Valproic acid targets IDH1 mutants through alteration of lipid metabolism
IDH1 MT glioma are sensitive to VPA in vitro and in vivo
We tested three different HDACis, VPA, panobinostat, and belinostat in varying concentrations in IDH1 WT and IDH1 MT primary glioma cell lines. IDH1 MT glioma cell lines had a slightly lower IC50 for VPA compared to IDH1 WT cell lines (WTIC50 = 1.23; MTIC50 = 0.96), and the hill slope between the two dose–response curves were statistically significant (WTHill Slope = −0.80; MTHill Slope = −1.68; 0.0032) (Fig. 1A). Panobinostat (Fig. 1B) inhibited the growth of both IDH1 WT and IDH1 MT cell lines but there was no significant difference in the IC50 or hill slope between the two dose–response curves. The IDH1 WT cell lines tested were more sensitive to belinostat than IDH1 MT glioma cell lines (WTIC50 = 0.84; MTIC50 = 1.97) (Fig. 1C). As expected, the heterozygous IDH1 MT cell lines showed significantly higher 2HG levels compared to an IDH1 WT cell line (Fig. 1D). The 2HG content in hemizygous IDH1 MT cell line BT142 was approximately double that of the IDH1 WT cell line but the difference did not reach statistical significance. The heterozygous IDH1 MT cell lines HK252 and HK211 do not form xenograft in vivo, even in NSG mice; hence we tested the efficacy of VPA in vivo in the hemizygous BT142 model. Although BT142 has limited 2HG production (Fig. 1D), we found that the transcriptome of BT142 is most similar to our heterozygous IDH1 MT cell line HK252 and still distinct from IDH1 WT cell lines (Supplementary Fig. 1A), indicating that even with the loss of 2HG production, the line possesses many of the essential features of IDH1 mutant gliomas. We found that in vivo VPA treatment significantly improved the survival of mice in the BT142 xenograft model by 17 days (Fig. 1E).
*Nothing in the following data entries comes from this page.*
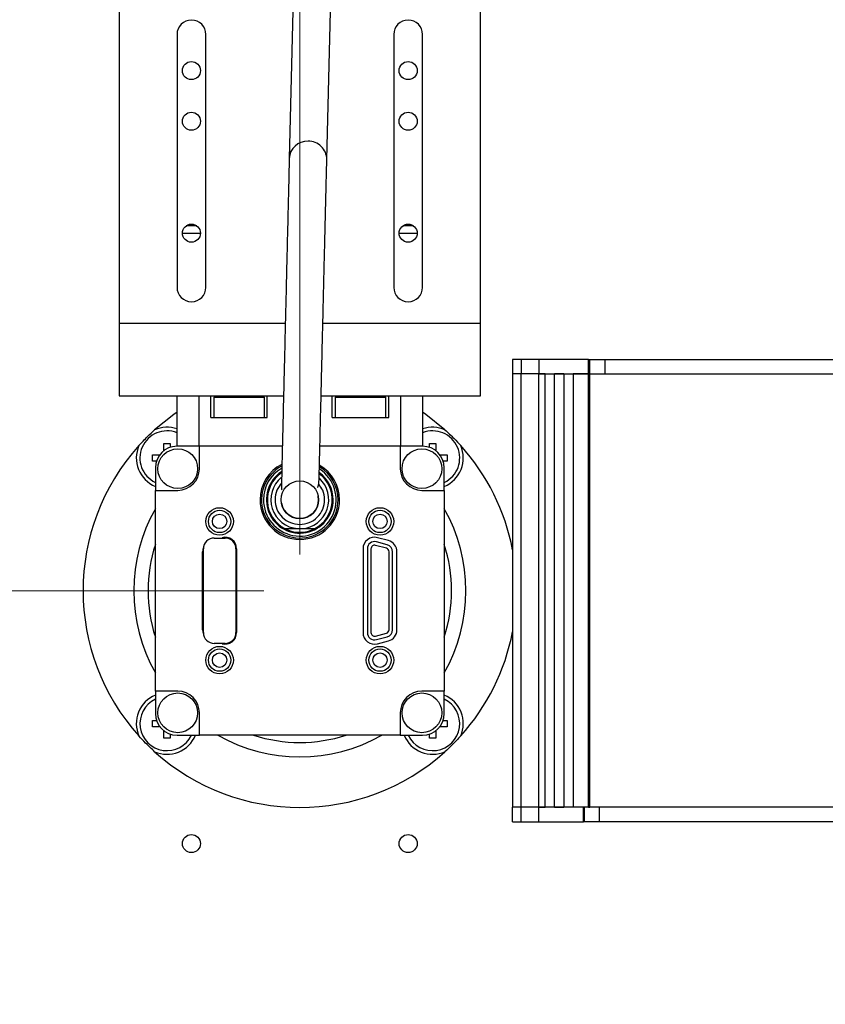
# Model space of a CAD drawing. Header units: millimetres. Extents: x 0 to 420, y 0 to 297.
# Tile 106 of 138: x 178 to 200, y 179 to 207. Entities that reach past the tile are written whole.
import ezdxf

# ---------------------------------------------------------------- set-up
doc = ezdxf.new("R2010")
doc.units = ezdxf.units.MM
doc.styles.add('SLDTEXTSTYLE0', font='TXT', dxfattribs={"width": 0.75})
doc.dimstyles.new('SLDDIMSTYLE0', dxfattribs={"dimtxt": 3.5, "dimasz": 3.302, "dimexe": 0, "dimexo": 0.0625, "dimgap": 0.875, "dimtad": 1, "dimlfac": 5, "dimrnd": 1e-09, "dimzin": 12, "dimdsep": 46, "dimtxsty": 'SLDTEXTSTYLE0', "dimsah": 1, "dimcen": 0.09, "dimadec": 0, "dimazin": 3, "dimtfac": 1, "dimtofl": 0, "dimtmove": 0, "dimatfit": 3, "dimfxl": 1, "dimfrac": 2, "dimtolj": 1, "dimtzin": 12, "dimarcsym": 0})

# ---------------------------------------------------------------- blocks, each defined once
blk = doc.blocks.new('_D_2')
at = {"color": 7, "linetype": 'Continuous', "lineweight": 18}
for p, q in [((185.436, 191.755), (185.436, 250.846)), ((235.436, 223.755), (235.436, 250.846)), ((235.436, 249.846), (185.436, 249.846))]:
    blk.add_line(p, q, dxfattribs=at)
for points in [[(185.436, 249.846), (188.738, 249.338), (188.738, 250.354)], [(235.436, 249.846), (232.134, 250.354), (232.134, 249.338)]]:
    blk.add_solid(points, dxfattribs=at)
at = {"color": 7, "linetype": 'Continuous', "lineweight": 18, "insert": (206.557, 254.358), "char_height": 3.5, "attachment_point": 1, "style": 'SLDTEXTSTYLE0'}
blk.add_mtext('250', dxfattribs=at)
blk = doc.blocks.new('_D_5')
at = {"color": 7, "linetype": 'Continuous', "lineweight": 18}
for p, q in [((186.436, 221.355), (271.003, 221.355)), ((270.003, 160.155), (270.003, 221.355)), ((186.436, 160.155), (271.003, 160.155))]:
    blk.add_line(p, q, dxfattribs=at)
for points in [[(270.003, 221.355), (269.495, 218.053), (270.511, 218.053)], [(270.003, 160.155), (270.511, 163.457), (269.495, 163.457)]]:
    blk.add_solid(points, dxfattribs=at)
at = {"color": 7, "linetype": 'Continuous', "lineweight": 18, "insert": (265.491, 186.876), "char_height": 3.5, "attachment_point": 1, "rotation": 90, "style": 'SLDTEXTSTYLE0'}
blk.add_mtext('306', dxfattribs=at)
blk = doc.blocks.new('_D_6')
at = {"color": 7, "linetype": 'Continuous', "lineweight": 18}
for p, q in [((142.436, 230.755), (115.112, 230.755)), ((116.112, 230.755), (116.112, 190.755)), ((184.436, 190.755), (115.112, 190.755))]:
    blk.add_line(p, q, dxfattribs=at)
for points in [[(116.112, 230.755), (115.604, 227.453), (116.62, 227.453)], [(116.112, 190.755), (116.62, 194.057), (115.604, 194.057)]]:
    blk.add_solid(points, dxfattribs=at)
at = {"color": 7, "linetype": 'Continuous', "lineweight": 18, "insert": (111.6, 206.876), "char_height": 3.5, "attachment_point": 1, "rotation": 90, "style": 'SLDTEXTSTYLE0'}
blk.add_mtext('200', dxfattribs=at)

msp = doc.modelspace()

# ---------------------------------------------------------------- linework, layer by layer
at = {"color": 7, "linetype": 'Continuous', "lineweight": 25}
for p, q in [((185.3162, 209.8861), (185.1435, 202.7219)), ((186.1833, 202.6991), (186.3559, 209.8633)), ((180.436, 208.1553), (180.436, 198.1553)), ((190.436, 198.1553), (190.436, 208.1553)), ((182.036, 206.1553), (182.036, 199.1553)), ((182.836, 199.1553), (182.836, 206.1553)), ((188.036, 206.1553), (188.036, 199.1553)), ((188.836, 199.1553), (188.836, 206.1553)), ((182.186, 200.6553), (182.686, 200.6553)), ((182.586, 200.8553), (182.286, 200.8553)), ((188.186, 200.6553), (188.686, 200.6553)), ((188.586, 200.8553), (188.286, 200.8553)), ((185.0335, 198.1553), (180.436, 198.1553)), ((180.436, 198.1553), (180.436, 196.1553)), ((190.436, 198.1553), (186.0738, 198.1553)), ((190.436, 196.1553), (190.436, 198.1553)), ((191.3273, 197.1623), (191.3273, 196.7623)), ((191.5633, 197.1623), (191.3273, 197.1623)), ((191.5633, 197.1623), (191.5633, 196.7623)), ((192.0562, 197.1623), (191.5633, 197.1623)), ((192.0562, 197.1623), (192.0562, 196.7623)), ((193.4273, 197.1623), (192.0562, 197.1623)), ((193.4273, 196.7623), (193.4273, 197.1623)), ((193.4273, 197.1623), (193.4617, 197.1623)), ((193.4617, 196.7623), (193.4617, 197.1623)), ((193.4617, 197.1623), (193.892, 197.1623)), ((193.892, 196.7623), (193.892, 197.1623)), ((193.892, 197.1623), (210.8473, 197.1623)), ((191.3273, 196.7623), (191.3273, 184.7623)), ((191.5633, 196.7623), (191.3273, 196.7623)), ((191.5633, 184.7623), (191.5633, 196.7623)), ((192.0562, 196.7623), (191.5633, 196.7623)), ((192.0562, 184.7623), (192.0562, 196.7623)), ((192.2273, 196.7623), (192.0562, 196.7623)), ((192.0562, 196.7623), (193.4273, 196.7623)), ((192.2273, 184.7623), (192.2273, 196.7623)), ((192.4873, 184.7623), (192.4873, 196.7623)), ((192.7473, 196.7623), (192.4873, 196.7623)), ((192.7473, 196.7623), (192.7473, 184.7623)), ((193.0073, 196.7623), (193.0073, 184.7623)), ((193.4273, 196.7623), (193.0073, 196.7623)), ((193.4273, 184.7623), (193.4273, 196.7623)), ((193.4617, 196.7623), (193.4273, 196.7623)), ((193.4617, 196.7623), (193.892, 196.7623)), ((193.4673, 184.7623), (193.4673, 196.7623)), ((193.892, 196.7623), (210.8473, 196.7623)), ((180.436, 196.1553), (184.9853, 196.1553)), ((182.036, 194.7553), (182.036, 196.1553)), ((182.636, 196.1553), (182.636, 194.7553)), ((182.976, 195.5553), (182.976, 196.1553)), ((183.056, 196.1153), (183.056, 195.5553)), ((183.056, 196.1153), (183.756, 196.1153)), ((183.756, 196.1153), (184.456, 196.1153)), ((184.456, 195.5553), (184.456, 196.1153)), ((184.536, 195.5553), (184.536, 196.1553)), ((186.0256, 196.1553), (190.436, 196.1553)), ((186.336, 195.5553), (186.336, 196.1553)), ((186.416, 196.1153), (186.416, 195.5553)), ((186.416, 196.1153), (187.116, 196.1153)), ((187.116, 196.1153), (187.816, 196.1153)), ((187.816, 195.5553), (187.816, 196.1153)), ((187.896, 195.5553), (187.896, 196.1553)), ((188.236, 194.7553), (188.236, 196.1553)), ((188.836, 196.1553), (188.836, 194.7553)), ((182.976, 195.5553), (184.536, 195.5553)), ((186.336, 195.5553), (187.896, 195.5553)), ((181.6706, 194.8339), (181.8476, 194.8339)), ((181.6706, 194.6312), (181.6706, 194.8339)), ((181.8476, 194.8339), (181.8476, 194.725)), ((182.636, 194.7553), (182.036, 194.7553)), ((184.9516, 194.7553), (182.636, 194.7553)), ((182.656, 194.1353), (182.656, 194.7553)), ((188.236, 194.7553), (185.9918, 194.7553)), ((188.216, 194.7553), (188.216, 194.1353)), ((188.836, 194.7553), (188.236, 194.7553)), ((189.0245, 194.8339), (189.2015, 194.8339)), ((189.0245, 194.725), (189.0245, 194.8339)), ((189.2015, 194.8339), (189.2015, 194.6312)), ((181.3575, 194.3438), (181.3575, 194.5208)), ((181.3575, 194.5208), (181.5602, 194.5208)), ((189.3119, 194.5208), (189.5146, 194.5208)), ((189.5146, 194.5208), (189.5146, 194.3438)), ((181.4664, 194.3438), (181.3575, 194.3438)), ((181.436, 194.1553), (181.436, 193.5353)), ((189.5146, 194.3438), (189.4057, 194.3438)), ((189.436, 193.5353), (189.436, 194.1553)), ((181.436, 187.9753), (181.436, 193.5353)), ((181.436, 193.5353), (182.056, 193.5353)), ((188.816, 193.5353), (189.436, 193.5353)), ((189.436, 193.5353), (189.436, 187.9753)), ((185.3783, 192.4753), (185.436, 192.4753)), ((185.436, 192.4753), (185.4938, 192.4753)), ((183.066, 192.2153), (183.366, 192.2153)), ((183.2493, 192.2153), (183.2832, 192.2244)), ((187.8889, 192.144), (187.5889, 192.2244)), ((182.766, 189.5953), (182.766, 191.9153)), ((183.666, 191.9153), (183.666, 189.5953)), ((183.686, 191.9153), (183.686, 189.5953)), ((187.186, 191.9153), (187.186, 189.5953)), ((187.306, 191.9153), (187.306, 189.5953)), ((187.406, 191.9153), (187.406, 189.5953)), ((187.8319, 191.9315), (187.5319, 192.0119)), ((187.8578, 192.0281), (187.5578, 192.1085)), ((182.746, 189.6757), (182.746, 191.8349)), ((187.906, 189.6757), (187.906, 191.8349)), ((188.006, 189.6757), (188.006, 191.8349)), ((188.126, 189.6757), (188.126, 191.8349)), ((187.5319, 189.4987), (187.8319, 189.5791)), ((187.5578, 189.4021), (187.8578, 189.4825)), ((183.366, 189.2953), (183.066, 189.2953)), ((183.2832, 189.2862), (183.2493, 189.2953)), ((187.5889, 189.2862), (187.8889, 189.3666)), ((182.056, 187.9753), (181.436, 187.9753)), ((181.436, 187.9753), (181.436, 187.3553)), ((189.436, 187.9753), (188.816, 187.9753)), ((189.436, 187.3553), (189.436, 187.9753)), ((182.656, 186.7553), (182.656, 187.3753)), ((188.216, 187.3753), (188.216, 186.7553)), ((181.3575, 187.1669), (181.4664, 187.1669)), ((181.3575, 186.9898), (181.3575, 187.1669)), ((189.4057, 187.1669), (189.5146, 187.1669)), ((189.5146, 187.1669), (189.5146, 186.9898)), ((181.5602, 186.9898), (181.3575, 186.9898)), ((181.6706, 186.6767), (181.6706, 186.8795)), ((181.8476, 186.7857), (181.8476, 186.6767)), ((182.036, 186.7553), (182.656, 186.7553)), ((188.216, 186.7553), (182.656, 186.7553)), ((188.216, 186.7553), (188.836, 186.7553)), ((189.0245, 186.6767), (189.0245, 186.7857)), ((189.2015, 186.8795), (189.2015, 186.6767)), ((189.5146, 186.9898), (189.3119, 186.9898)), ((181.8476, 186.6767), (181.6706, 186.6767)), ((189.2015, 186.6767), (189.0245, 186.6767)), ((191.3273, 184.3623), (191.3273, 184.7623)), ((191.5633, 184.7623), (191.3273, 184.7623)), ((191.5633, 184.3623), (191.5633, 184.7623)), ((192.0562, 184.7623), (191.5633, 184.7623)), ((192.0562, 184.3623), (192.0562, 184.7623)), ((193.2873, 184.7623), (192.0562, 184.7623)), ((192.0562, 184.7623), (192.2273, 184.7623)), ((192.4873, 184.7623), (192.7473, 184.7623)), ((193.4273, 184.7623), (193.0073, 184.7623)), ((193.2873, 184.3623), (193.2873, 184.7623)), ((193.3195, 184.3623), (193.3195, 184.7623)), ((193.4273, 184.7623), (193.4673, 184.7623)), ((193.7223, 184.7623), (193.4673, 184.7623)), ((193.7223, 184.7623), (193.7223, 184.3623)), ((216.0323, 184.7623), (193.7223, 184.7623)), ((191.3273, 184.3623), (191.5633, 184.3623)), ((191.5633, 184.3623), (192.0562, 184.3623)), ((192.0562, 184.3623), (193.2873, 184.3623)), ((193.3195, 184.3623), (193.2873, 184.3623)), ((193.7223, 184.3623), (193.3195, 184.3623)), ((216.0323, 184.3623), (193.7223, 184.3623))]:
    msp.add_line(p, q, dxfattribs=at)
at = {"color": 7, "linetype": 'Continuous', "lineweight": 25, "flags": 128}
for points in [[(182.036, 195.699), (181.9447, 195.6349), (181.4171, 195.2104)], [(189.455, 195.2104), (188.9274, 195.6349), (188.836, 195.699)]]:
    msp.add_lwpolyline(points, dxfattribs=at)
at = {"color": 7, "linetype": 'Continuous', "lineweight": 25}
for centre, radius in [((182.436, 205.1553), 0.25), ((188.436, 205.1553), 0.25), ((182.436, 203.7553), 0.25), ((188.436, 203.7553), 0.25), ((182.436, 200.6553), 0.25), ((188.436, 200.6553), 0.25), ((182.056, 194.1353), 0.55), ((188.816, 194.1353), 0.55), ((185.436, 193.2756), 0.5199), ((183.216, 192.6753), 0.38), ((187.656, 192.6753), 0.38), ((183.216, 192.6753), 0.31), ((183.216, 192.6753), 0.2), ((187.656, 192.6753), 0.31), ((187.656, 192.6753), 0.2), ((183.216, 188.8353), 0.38), ((187.656, 188.8353), 0.38), ((183.216, 188.8353), 0.31), ((183.216, 188.8353), 0.2), ((187.656, 188.8353), 0.31), ((187.656, 188.8353), 0.2), ((182.056, 187.3753), 0.55), ((188.816, 187.3753), 0.55), ((182.436, 183.7553), 0.25), ((188.436, 183.7553), 0.25)]:
    msp.add_circle(centre, radius, dxfattribs=at)
for centre, radius, start, end in [((182.436, 206.1553), 0.4, 0, 180), ((188.436, 206.1553), 0.4, 0, 180), ((182.436, 199.1553), 0.4, 180, 0), ((188.436, 199.1553), 0.4, 180, 0), ((181.7591, 194.4323), 0.75, 68.32917, 244.48634), ((181.7591, 194.4323), 0.85, 70.98415, 113.72409), ((189.113, 194.4323), 0.85, 66.27591, 109.01585), ((189.113, 194.4323), 0.75, 295.51366, 111.67083), ((185.436, 190.7553), 6, 137.94659, 222.05341), ((181.7591, 194.4323), 0.85, 156.27591, 247.66306), ((182.036, 194.1553), 0.6, 90, 180), ((188.836, 194.1553), 0.6, 0, 90), ((189.113, 194.4323), 0.85, 292.33694, 23.72409), ((185.436, 190.7553), 6, 10.9242, 42.05341), ((182.056, 194.1353), 0.6, 270, 0), ((185.436, 193.2753), 1.1, 117.06291, 180), ((185.436, 193.2753), 1.06, 118.35081, 0), ((185.436, 193.2753), 1.0071, 120.35391, 180), ((185.436, 193.2753), 1.0071, 180, 56.84139), ((185.436, 193.2753), 1.06, 0, 58.57453), ((185.436, 193.2753), 1.1, 0, 59.77748), ((188.816, 194.1353), 0.6, 180, 270), ((185.436, 193.2753), 0.9247, 123.51992, 0), ((185.436, 193.2753), 0.9, 124.55525, 242.73396), ((185.436, 193.2753), 0.9, 297.26604, 53.27125), ((185.436, 193.2753), 0.9247, 0, 53.73873), ((185.436, 193.2753), 1.1, 180, 0), ((185.436, 193.2753), 0.52, 190.89655, 10.89655), ((185.436, 190.7553), 4.6, 150.40815, 209.59185), ((185.436, 190.7553), 4.6, 330.40815, 29.59185), ((185.436, 193.2753), 0.9, 242.73396, 297.26604), ((183.066, 191.9153), 0.3, 90, 180), ((183.366, 191.9153), 0.32, 0, 105), ((183.366, 191.9153), 0.3, 0, 90), ((187.506, 191.9153), 0.32, 75, 180), ((185.436, 190.7553), 4.2, 162.24721, 197.75279), ((183.066, 191.8349), 0.32, 158.4921, 180), ((187.506, 191.9153), 0.2, 75, 180), ((187.506, 191.9153), 0.1, 75, 180), ((187.806, 191.8349), 0.1, 0, 75), ((187.806, 191.8349), 0.2, 0, 75), ((187.806, 191.8349), 0.32, 0, 75), ((185.436, 190.7553), 4.2, 342.24721, 17.75279), ((183.066, 189.6757), 0.32, 180, 201.5079), ((183.066, 189.5953), 0.3, 180, 270), ((183.366, 189.5953), 0.32, 255, 0), ((183.366, 189.5953), 0.3, 270, 0), ((187.506, 189.5953), 0.32, 180, 285), ((187.506, 189.5953), 0.2, 180, 285), ((187.506, 189.5953), 0.1, 180, 285), ((187.806, 189.6757), 0.1, 285, 0), ((187.806, 189.6757), 0.2, 285, 0), ((187.806, 189.6757), 0.32, 285, 0), ((185.436, 190.7553), 6, 317.94659, 349.0758), ((181.7591, 187.0784), 0.85, 112.33694, 203.72409), ((182.056, 187.3753), 0.6, 0, 90), ((188.816, 187.3753), 0.6, 90, 180), ((189.113, 187.0784), 0.85, 336.27591, 67.66306), ((181.7591, 187.0784), 0.75, 115.51366, 334.48634), ((189.113, 187.0784), 0.75, 205.51366, 64.48634), ((182.036, 187.3553), 0.6, 180, 270), ((188.836, 187.3553), 0.6, 270, 0), ((181.7591, 187.0784), 0.85, 246.27591, 337.66306), ((185.436, 190.7553), 4.6, 240.40815, 299.59185), ((185.436, 190.7553), 4.2, 252.24721, 287.75279), ((189.113, 187.0784), 0.85, 202.33694, 293.72409), ((185.436, 190.7553), 6, 227.94659, 312.05341)]:
    msp.add_arc(centre, radius, start, end, dxfattribs=at)
at = {"color": 1, "linetype": 'Continuous', "lineweight": 25}
for centre, radius, start, end in [((185.6445, 202.698), 0.5015, 87.83955, 177.29178), ((185.6802, 202.6965), 0.503, 0.05556, 91.91909), ((185.436, 193.2753), 0.8021, 129.75897, 265.87394), ((185.436, 193.2753), 0.8021, 274.12606, 47.64783)]:
    msp.add_arc(centre, radius, start, end, dxfattribs=at)
at = {"color": 7, "linetype": 'Continuous', "lineweight": 25}
for points, knots in [([(185.1435, 202.7219), (185.1413, 202.6266), (185.1367, 202.4389), (185.1277, 202.0623), (185.1178, 201.6514), (185.1069, 201.2004), (185.0961, 200.7527), (185.0855, 200.3114), (185.0738, 199.8292), (185.0597, 199.2417), (185.0428, 198.5388), (185.0253, 197.8129), (185.0079, 197.0921), (184.9912, 196.3994), (184.9773, 195.8237), (184.9662, 195.3609), (184.9569, 194.9773), (184.9486, 194.6327), (184.9412, 194.3195), (184.9356, 194.0464), (184.9308, 193.8057), (184.9333, 193.6335), (184.9279, 193.5429), (184.9422, 193.5509), (184.9426, 193.5511)], [0, 0, 0, 0, 0.0557165, 0.1097829, 0.1603584, 0.2056825, 0.2553288, 0.2919004, 0.3271604, 0.3824348, 0.4402149, 0.4990779, 0.5580794, 0.6166308, 0.674481, 0.7124181, 0.7497187, 0.792095, 0.82914, 0.8699405, 0.9136744, 0.9594177, 0.9989906, 1, 1, 1, 1]), ([(185.9213, 193.6203), (185.9253, 193.6216), (185.9439, 193.6275), (185.9592, 193.6801), (185.9689, 193.8099), (185.9737, 194.0017), (185.9815, 194.3261), (185.9924, 194.7801), (186.007, 195.3829), (186.0222, 196.0136), (186.038, 196.6712), (186.0547, 197.3627), (186.0715, 198.0628), (186.0878, 198.7355), (186.1014, 199.3031), (186.1141, 199.8289), (186.1273, 200.376), (186.1412, 200.952), (186.1544, 201.5007), (186.1658, 201.9756), (186.1759, 202.3947), (186.1808, 202.5974), (186.1833, 202.6991)], [0, 0, 0, 0, 0.0102057, 0.0481127, 0.0855226, 0.1219326, 0.157012, 0.2246292, 0.2878155, 0.3454392, 0.4026364, 0.4608985, 0.5192046, 0.5743577, 0.6255348, 0.6603378, 0.7088312, 0.7705464, 0.823694, 0.8808757, 0.9402541, 1, 1, 1, 1]), ([(180.9809, 194.7743), (181.0599, 194.8592), (181.2006, 195.0107), (181.3511, 195.1495), (181.4171, 195.2104)], [0, 0, 0, 0, 0.5610654, 1, 1, 1, 1]), ([(189.455, 195.2104), (189.54, 195.1315), (189.6914, 194.9908), (189.8302, 194.8403), (189.8912, 194.7743)], [0, 0, 0, 0, 0.5610654, 1, 1, 1, 1]), ([(185.0237, 192.4753), (185.0682, 192.4753), (185.1379, 192.4753), (185.2477, 192.4754), (185.3227, 192.4753), (185.3605, 192.4753), (185.3783, 192.4753)], [0, 0, 0, 0, 0.4980377, 0.7807458, 0.8964109, 1, 1, 1, 1]), ([(185.4938, 192.4753), (185.5115, 192.4753), (185.5492, 192.4753), (185.6239, 192.4754), (185.7338, 192.4753), (185.8037, 192.4753), (185.8484, 192.4753)], [0, 0, 0, 0, 0.1031638, 0.2183042, 0.4995245, 1, 1, 1, 1]), ([(181.4171, 186.3002), (181.3321, 186.3791), (181.1807, 186.5198), (181.0419, 186.6703), (180.9809, 186.7364)], [0, 0, 0, 0, 0.5610654, 1, 1, 1, 1]), ([(189.8912, 186.7364), (189.8122, 186.6514), (189.6715, 186.4999), (189.521, 186.3611), (189.455, 186.3002)], [0, 0, 0, 0, 0.56106538, 1, 1, 1, 1])]:
    msp.add_open_spline(points, degree=3, knots=knots, dxfattribs=at)
at = {"color": 1, "linetype": 'Continuous', "lineweight": 25}
for points, knots in [([(184.9318, 193.7306), (184.8834, 193.669), (184.7794, 193.5365), (184.7341, 193.2743), (184.786, 193.0062), (184.9389, 192.7793), (185.1669, 192.6209), (185.3463, 192.6002), (185.436, 192.5899)], [0, 0, 0, 0, 0.1479032, 0.3183225, 0.4887419, 0.6591613, 0.8295806, 1, 1, 1, 1]), ([(185.436, 192.5899), (185.5258, 192.6002), (185.7052, 192.6209), (185.9332, 192.7792), (186.0862, 193.0062), (186.1375, 193.2741), (186.0961, 193.526), (185.9997, 193.6503), (185.9585, 193.7034)], [0, 0, 0, 0, 0.1740523, 0.3481046, 0.522157, 0.6962093, 0.8702616, 1, 1, 1, 1])]:
    msp.add_open_spline(points, degree=3, knots=knots, dxfattribs=at)

# ---------------------------------------------------------------- dimensions: what is measured, and where the dimension line sits
at = {"color": 7, "linetype": 'Continuous', "lineweight": 18}
dim = msp.add_linear_dim(base=(185.436, 249.8462), p1=(235.436, 222.7553), p2=(185.436, 190.7553), dimstyle='SLDDIMSTYLE0', dxfattribs=at)
dim.commit()
dim.dimension.update_dxf_attribs({"geometry": '_D_2', "text_midpoint": (210.436, 249.8462), "dimtype": 160})
for base, p1, p2, picture, middle in [((116.1116, 190.7553), (143.436, 230.7553), (185.436, 190.7553), '_D_6', (116.1116, 210.7553)), ((270.0027, 221.3553), (185.436, 160.1553), (185.436, 221.3553), '_D_5', (270.0027, 190.7553))]:
    dim = msp.add_linear_dim(base=base, p1=p1, p2=p2, angle=90, dimstyle='SLDDIMSTYLE0', dxfattribs=at)
    dim.commit()
    dim.dimension.update_dxf_attribs({"geometry": picture, "text_midpoint": middle, "dimtype": 160})

doc.saveas('drawing.dxf')

Next, we tested the efficacy of HDACi’s in a syngeneic murine IDH1 (mIDH1) glioma model13. In vitro, NPAIC1(NRAS/IDH11R132H/shP53/shATRX) compared to mIDH1 WT cell line NPAC54B (NRAS/shP53/shATRX) had a slightly lower IC50 for both VPA (NPAC54BIC50 = 1.65; NPAIC1IC50 = 1.37) (Fig. 2A) and belinostat (NPAC54BIC50 = 0.57; NPAIC1IC50 = 0.28) (Fig. 2B). The mIDH1 MT cell line NPAIC1 also had significantly higher 2HG than mIDH1 WT cell line NPAC54B (Fig. 2C).
In vivo, VPA treatment did not improve the survival of mice bearing mIDH1 WT tumor xenografts (Fig. 2D) but significantly improved the survival of mice bearing mIDH1 MT tumor xenografts by 10 days (Fig. 2E). Thus, in the tumor models that we examined, we established that VPA diminished tumor growth in vivo and in vitro, but the murine model suggests a greater efficacy in IDH1 mutant tumors.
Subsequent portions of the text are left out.